**INSTRUCTIONS FOR THE TASK**
Would you please set down, word for word, the lines from the one with "1. person <box>1618,601,1645,678</box>" through the final line of the data below, omitting any pictures?

⁂

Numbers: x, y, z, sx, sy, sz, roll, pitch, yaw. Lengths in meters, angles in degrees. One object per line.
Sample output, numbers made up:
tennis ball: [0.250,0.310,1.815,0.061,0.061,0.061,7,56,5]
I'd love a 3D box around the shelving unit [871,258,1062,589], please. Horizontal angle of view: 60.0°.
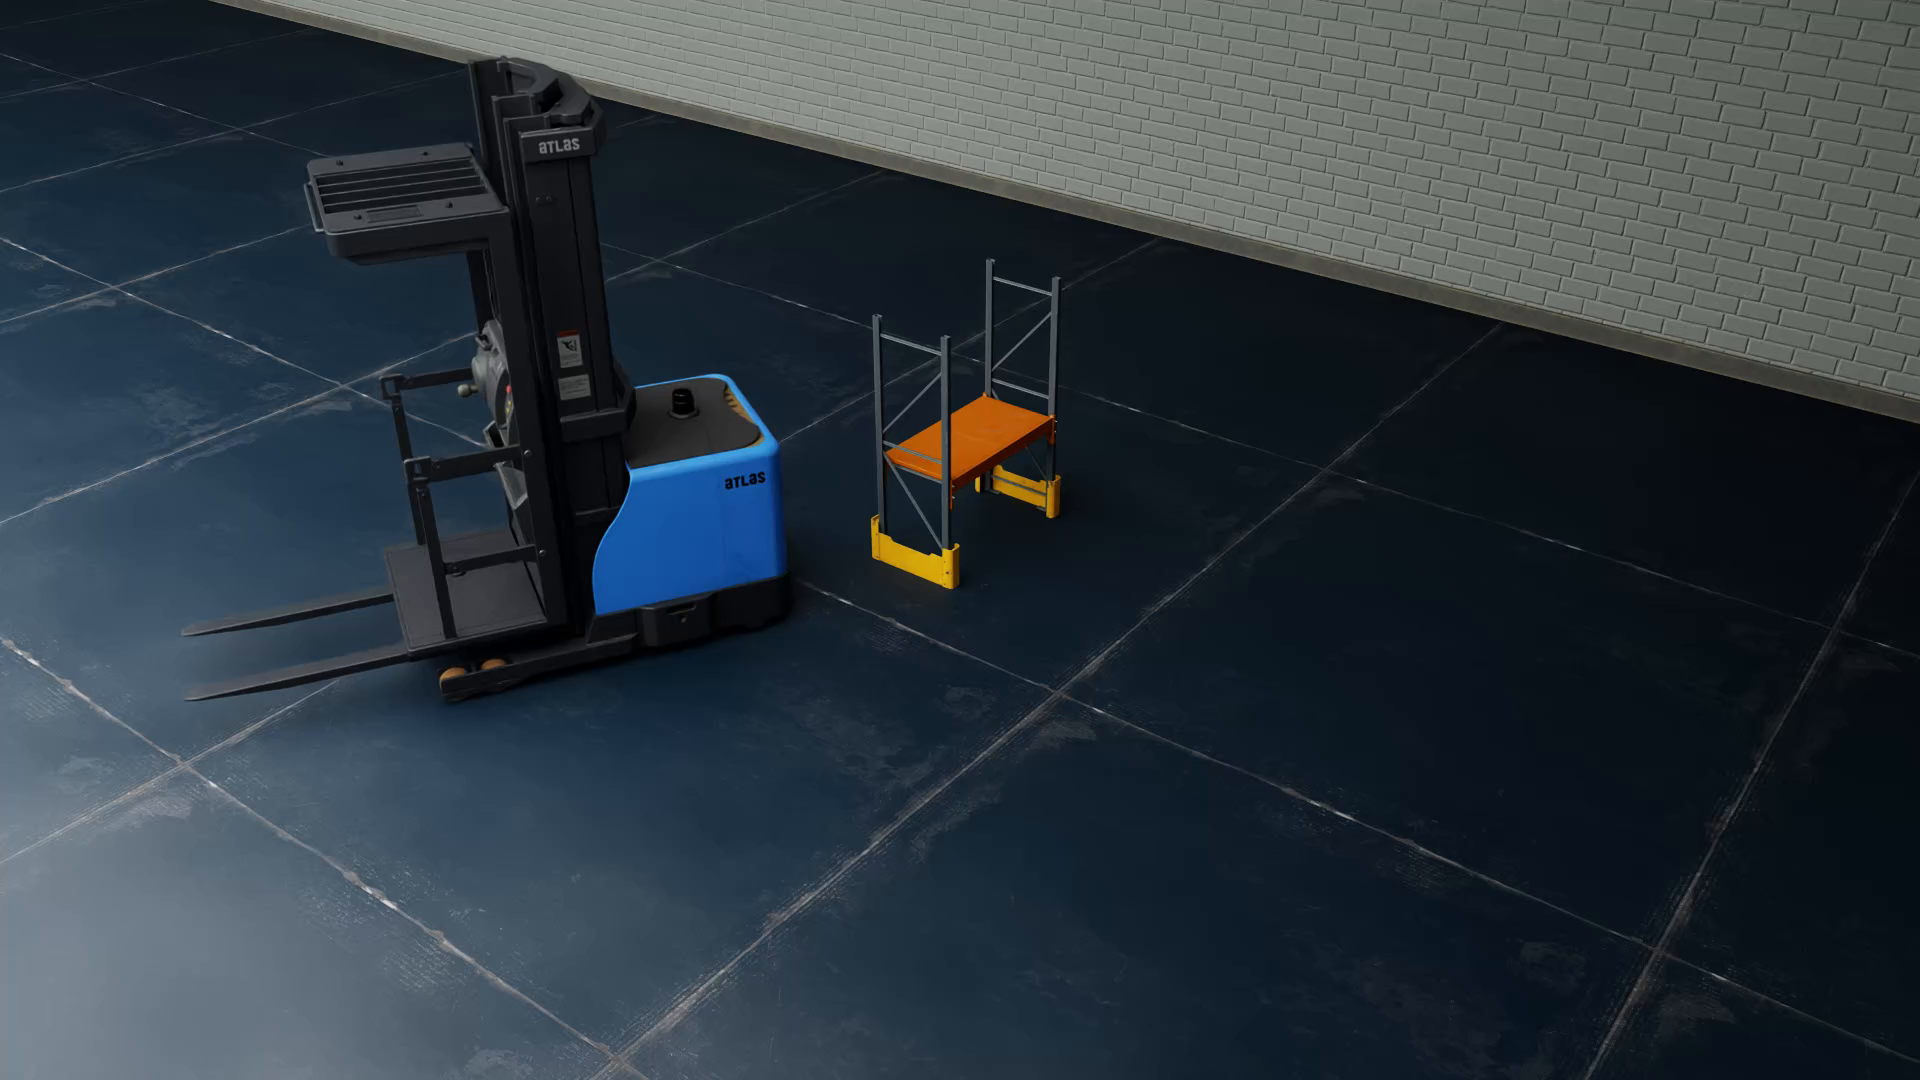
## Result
shelving unit: [0.046,-0.676,9.420,0.587,1.500,1.083,21,37,31]

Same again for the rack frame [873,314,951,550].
rack frame: [-0.255,-0.473,9.077,0.500,1.500,0.032,21,37,31]

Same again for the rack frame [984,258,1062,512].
rack frame: [0.358,-0.887,9.775,0.500,1.500,0.032,21,37,31]

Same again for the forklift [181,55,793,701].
forklift: [-2.473,-0.756,8.151,3.031,2.935,1.130,-12,33,-20]

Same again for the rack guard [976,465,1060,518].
rack guard: [0.347,-0.341,10.080,0.587,0.250,0.087,21,37,31]

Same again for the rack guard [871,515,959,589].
rack guard: [-0.255,0.064,9.397,0.587,0.250,0.087,21,37,31]

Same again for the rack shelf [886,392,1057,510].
rack shelf: [0.052,-0.525,9.518,0.538,0.185,1.000,21,37,31]
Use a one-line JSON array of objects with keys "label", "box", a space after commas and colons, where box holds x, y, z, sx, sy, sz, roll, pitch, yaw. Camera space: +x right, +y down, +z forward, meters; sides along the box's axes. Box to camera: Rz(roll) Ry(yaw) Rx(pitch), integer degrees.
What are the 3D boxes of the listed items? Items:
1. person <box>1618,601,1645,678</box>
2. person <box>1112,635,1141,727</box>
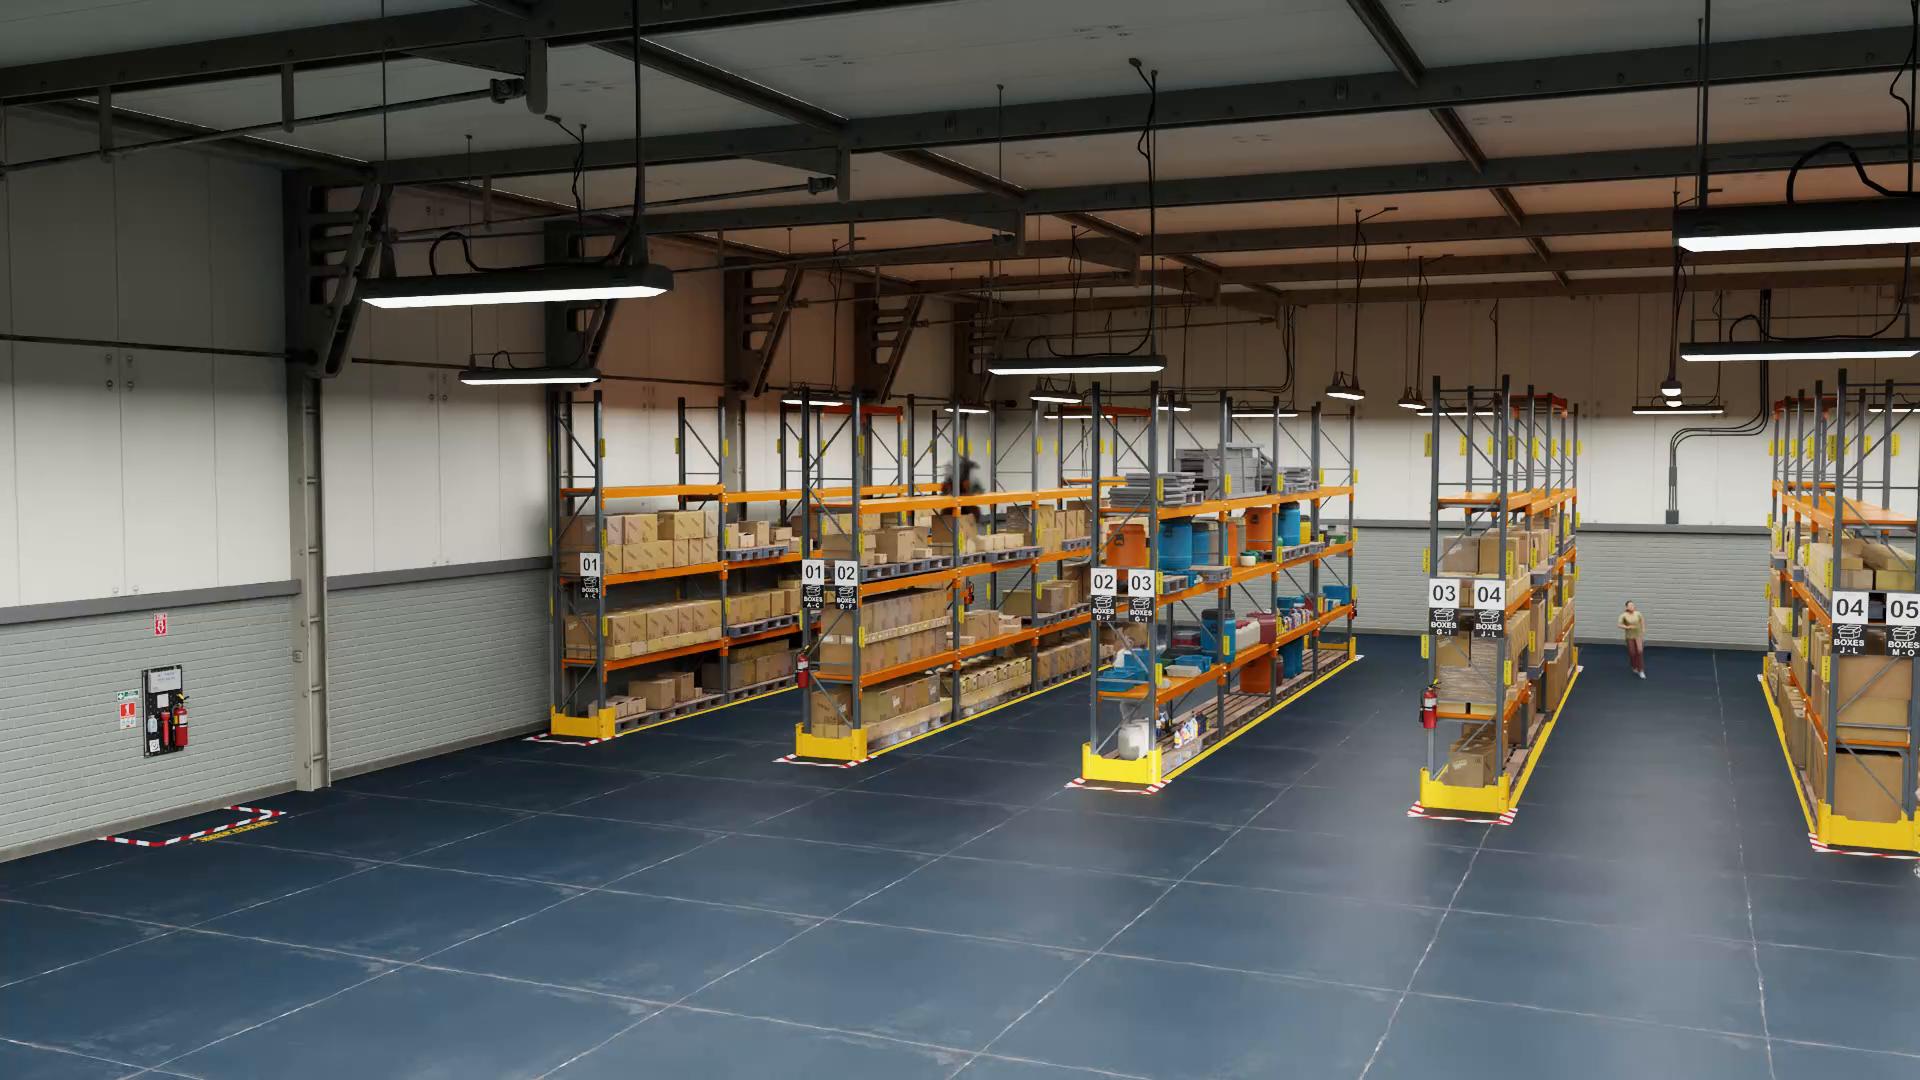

⁂

**COMPLETED TASK**
1. person <box>1618,601,1645,678</box>
2. person <box>1112,635,1141,727</box>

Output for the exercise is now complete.